Hey i dunno if this makes a difference to people in the market for the K&N CAI but was on amazon and well here it is.

Amazon.com: K&N 63-3053 Air Charger Air Intake Kit: Automotive


----------



## jpalamar (Jul 22, 2008)

I think that model is for the LS2 goat, but a good price. I'm runing that on my LS1 and like it. Very clean look. I found that my car runs better without the heat sheildthoughj.


----------



## 06SixOhGoat (Jun 19, 2010)

o yeah sorry i didn't mention that yeah its for the LS2

I actually was surfin amazon and wow there are alot of name brand parts on there for like 50 to 100 bucks cheaper.


----------



## FastFrank (Jun 12, 2009)

jpalamar said:


> I think that model is for the LS2 goat, but a good price. I'm runing that on my LS1 and like it. Very clean look. I found that my car runs better without the heat sheildthoughj.

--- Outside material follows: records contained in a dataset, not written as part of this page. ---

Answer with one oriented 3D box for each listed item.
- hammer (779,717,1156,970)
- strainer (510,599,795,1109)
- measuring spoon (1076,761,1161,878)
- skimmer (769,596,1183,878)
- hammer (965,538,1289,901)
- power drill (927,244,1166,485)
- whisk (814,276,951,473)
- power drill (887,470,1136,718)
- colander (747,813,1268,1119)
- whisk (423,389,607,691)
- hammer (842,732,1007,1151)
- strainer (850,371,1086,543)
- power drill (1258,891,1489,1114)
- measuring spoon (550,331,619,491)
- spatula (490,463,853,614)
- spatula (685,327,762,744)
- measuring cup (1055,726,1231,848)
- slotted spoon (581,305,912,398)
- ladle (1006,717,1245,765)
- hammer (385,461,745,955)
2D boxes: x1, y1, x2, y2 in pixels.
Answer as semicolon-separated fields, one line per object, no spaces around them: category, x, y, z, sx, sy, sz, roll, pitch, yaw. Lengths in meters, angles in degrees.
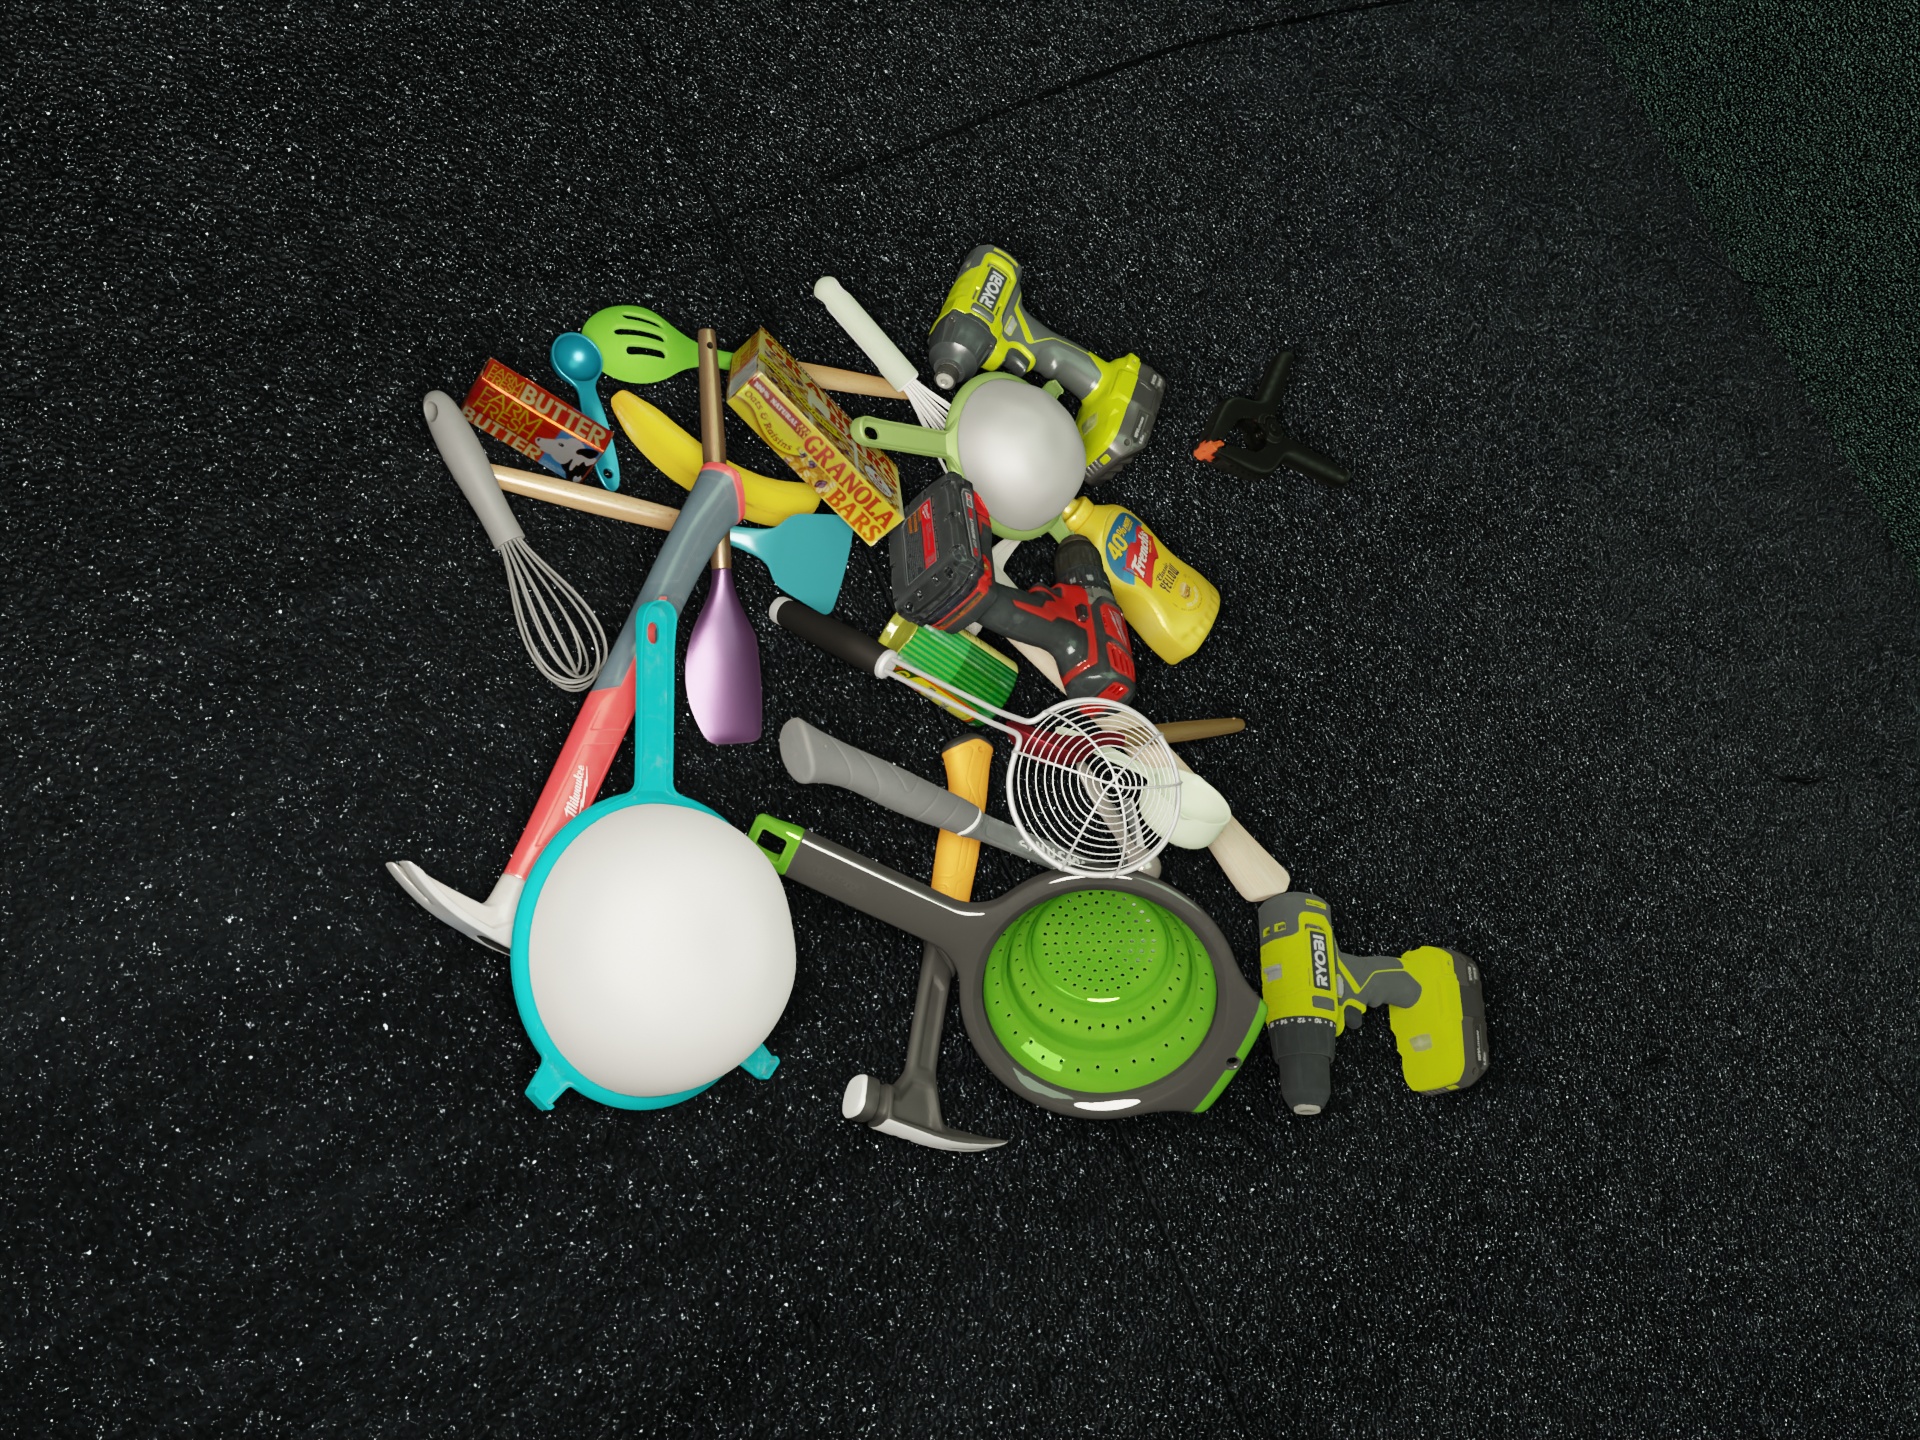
hammer;0.021;0.080;1.246;0.408;0.036;0.149;26;52;-40
strainer;-0.179;0.085;1.045;0.211;0.095;0.340;4;83;-45
measuring spoon;0.135;0.084;1.336;0.124;0.018;0.034;58;38;-7
skimmer;-0.002;-0.004;1.188;0.127;0.364;0.090;-53;145;-15
hammer;0.156;0.005;1.435;0.410;0.038;0.146;46;48;-11
power drill;0.076;-0.329;1.507;0.223;0.080;0.171;32;54;-17
whisk;-0.042;-0.292;1.402;0.246;0.059;0.058;47;16;-15
power drill;0.050;-0.117;1.323;0.226;0.080;0.188;27;41;-33
colander;0.031;0.152;1.186;0.397;0.204;0.094;26;20;-4
whisk;-0.319;-0.129;1.127;0.055;0.055;0.239;-28;89;-41
hammer;-0.005;0.163;1.240;0.127;0.034;0.337;25;56;-25
strainer;0.024;-0.237;1.349;0.256;0.069;0.151;0;84;-44
power drill;0.368;0.270;1.442;0.228;0.080;0.191;16;60;-27
measuring spoon;-0.289;-0.236;1.232;0.042;0.021;0.128;-13;87;-39
spatula;-0.228;-0.153;1.221;0.317;0.044;0.082;13;94;-24
spatula;-0.185;-0.140;1.204;0.059;0.018;0.316;-2;88;-26
measuring cup;0.150;0.057;1.368;0.167;0.038;0.083;28;28;4
slotted spoon;-0.167;-0.300;1.343;0.313;0.031;0.070;1;71;-38
ladle;0.153;0.012;1.377;0.315;0.069;0.031;-5;115;-46
hammer;-0.246;-0.028;1.088;0.143;0.038;0.386;39;58;-36

Better without the heat shield? Can you elaborate? Better how? I never considered taking the heat shield off.


----------



## jpalamar (Jul 22, 2008)

FastFrank said:


> Better without the heat shield? Can you elaborate? Better how? I never considered taking the heat shield off.


My intake temps dropped a few degrees... not much, but HP Tuners doesn't lie


----------



## FastFrank (Jun 12, 2009)

Maybe I'll remove mine as well. Damn thing is just in the way anyhow.


----------